Question

Simplify and draw ( f/g )(x) given f(x)=x²-x-2 and g(x)=x-2 .

Answer 1

To find
`\((f(x))/(g(x))\),` substitute the expressions for f(x) and g(x) into the fraction. Therefore,
`\((f(x))/(g(x))\)` becomes
`\((x^2 - x - 2)/(x - 2)\)`. This is the final simplified expression for
`\((f(x))/(g(x))\).`

`\[ (f(x))/(g(x)) = (x^2 - x - 2)/(x - 2) \]`

Step-by-step explanation:

To find
`\((f(x))/(g(x))\),` substitute the expressions for f(x) and g(x) into the fraction. Therefore,
`\((f(x))/(g(x))\)` becomes
`\((x^2 - x - 2)/(x - 2)\)`. This is the final simplified expression for
`\((f(x))/(g(x))\).`

Now, let's break down the steps for clarity.

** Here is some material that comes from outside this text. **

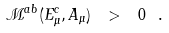Convert formula to latex. <formula><loc_0><loc_0><loc_500><loc_500>\mathcal { M } ^ { a b } ( E _ { \mu } ^ { c } , A _ { \mu } ) \ > \ 0 \ .</formula> 
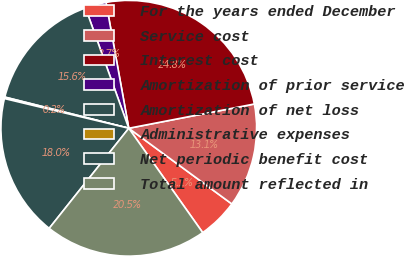Convert chart to OTSL. <chart><loc_0><loc_0><loc_500><loc_500><pie_chart><fcel>For the years ended December<fcel>Service cost<fcel>Interest cost<fcel>Amortization of prior service<fcel>Amortization of net loss<fcel>Administrative expenses<fcel>Net periodic benefit cost<fcel>Total amount reflected in<nl><fcel>5.11%<fcel>13.12%<fcel>24.81%<fcel>2.65%<fcel>15.58%<fcel>0.19%<fcel>18.04%<fcel>20.5%<nl></chart>

Start by substituting
`\(f(x) = x^2 - x - 2\)` and g(x) = x - ) into the fraction:

`\[ (f(x))/(g(x)) = (x^2 - x - 2)/(x - 2) \]`

To simplify this expression, factor the numerator:

`\[ ((x + 1)(x - 2))/(x - 2) \]`

Now, cancel out the common factor x - 2) in the numerator and denominator:

x + 1

So,
`\((f(x))/(g(x))\)` simplifies to x + 1. This is the simplified form of the given expression.

In summary, the simplified expression for
`\((f(x))/(g(x))\) is \(x + 1\)`. The process involves substituting the given functions into the fraction, factoring the numerator, and canceling out common factors to reach the final simplified form.